Each of Bascom, Funk Brothers and Chakrabarty can be founded on the finding of a functional improvement (or lack thereof) relative to the state of art. In each of these three cases the claims at issue were directed to a combination of previously existing parts. If the combination achieved a functional improvement that was supported by evidence, the claims at issue were found patent eligible. If the combination failed to achieve a functional improvement or evidence was lacking to prove such a difference, the claims at issue were found patent ineligible.
In Funk Brothers, the claims recited a combination of previously existing bacteria. However, the claimed combination lacked a functional improvement because the novel combination of bacteria failed to achieve a functional improvement relative to each single strain of bacteria. This resulted in a finding of patent ineligibility by the Supreme Court.
In Chakrabarty, the claims recited a combination of four previously existing plasmids within a previously existing bacterium. In contrast to Funk Brothers, however, the claimed engineered bacterium achieved a functional improvement over its non-engineered counterpart in that the engineered version of the bacterium was capable of degrading crude oil. This, in combination with the structural differences resulting from the engineering, was sufficient for the Supreme Court to find eligibility.

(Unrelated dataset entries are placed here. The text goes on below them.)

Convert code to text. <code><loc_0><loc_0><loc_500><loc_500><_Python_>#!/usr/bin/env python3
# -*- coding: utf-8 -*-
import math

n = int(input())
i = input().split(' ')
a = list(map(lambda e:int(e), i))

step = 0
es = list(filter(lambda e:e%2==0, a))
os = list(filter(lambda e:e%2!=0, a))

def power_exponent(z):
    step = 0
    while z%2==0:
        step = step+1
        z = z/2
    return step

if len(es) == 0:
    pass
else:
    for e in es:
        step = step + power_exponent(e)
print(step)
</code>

Finally, the claims of Bascom recited a combination of known components including a server, a computer, and a filter. On the facts of Bascom, a functional improvement was achieved by the non-conventional and non-generic arrangement of the claimed components in a filtering scheme which allowed the advantage of the ability of at least some ISPs to identify individual accounts that communicate with the ISP server, and to associate a request for internet content with a specific individual account. This advantage represented an improvement (i.e., functional difference) relative to the state of the art, i.e., filters which were susceptible to hacking and dependent on local hardware and software, or confined to an inflexible one size-fits-all scheme. This was sufficient for the Federal Circuit to find eligibility even though the claims only included generic and conventional components.

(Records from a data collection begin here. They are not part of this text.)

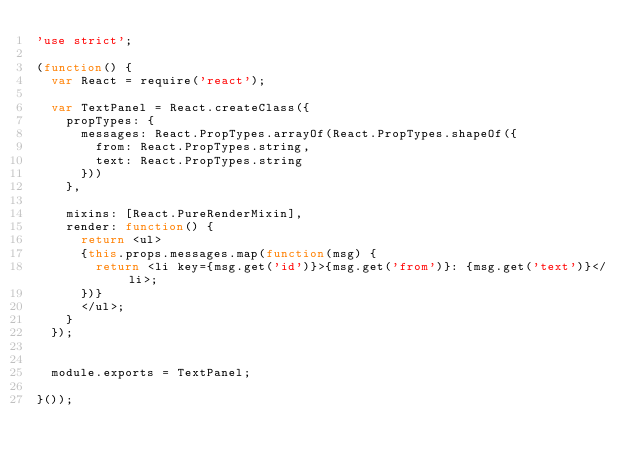<code> <loc_0><loc_0><loc_500><loc_500><_JavaScript_>'use strict';

(function() {
  var React = require('react');

  var TextPanel = React.createClass({
    propTypes: {
      messages: React.PropTypes.arrayOf(React.PropTypes.shapeOf({
        from: React.PropTypes.string,
        text: React.PropTypes.string
      }))
    },

    mixins: [React.PureRenderMixin],
    render: function() {
      return <ul>
      {this.props.messages.map(function(msg) {
        return <li key={msg.get('id')}>{msg.get('from')}: {msg.get('text')}</li>;
      })}
      </ul>;
    }
  });


  module.exports = TextPanel;

}());
</code>

Thus, the combination-based claims in each of Bascom and Chakrabarty were found eligible based on the finding of a functional improvement relative to the state of art, while the combination-based claims of Funk Brothers were found ineligible in the absence of such a functional improvement. If the combination achieved a functional improvement that was supported by evidence, the combination-based claims were found patent eligible. If the combination failed to achieve a functional improvement, the combination-based claims were found patent ineligible.
Stepping back, it remains unclear why one exception should be treated differently by the USPTO than the others when assessing patent eligibility. Instead, it would make the patent prosecution process and patent litigation more predictable if a uniform approach were available for all of the patent eligibility exceptions (abstract ideas, laws of nature and naturally occurring products). The similarities of the tests and analytic reasoning provided by Bascom, Chakrabarty and Funk Brothers offer the potential for a more consistent approach to eligibility determinations in the inquiry about whether software and composition claims are patent eligible within the context of the current §101 eligibility framework.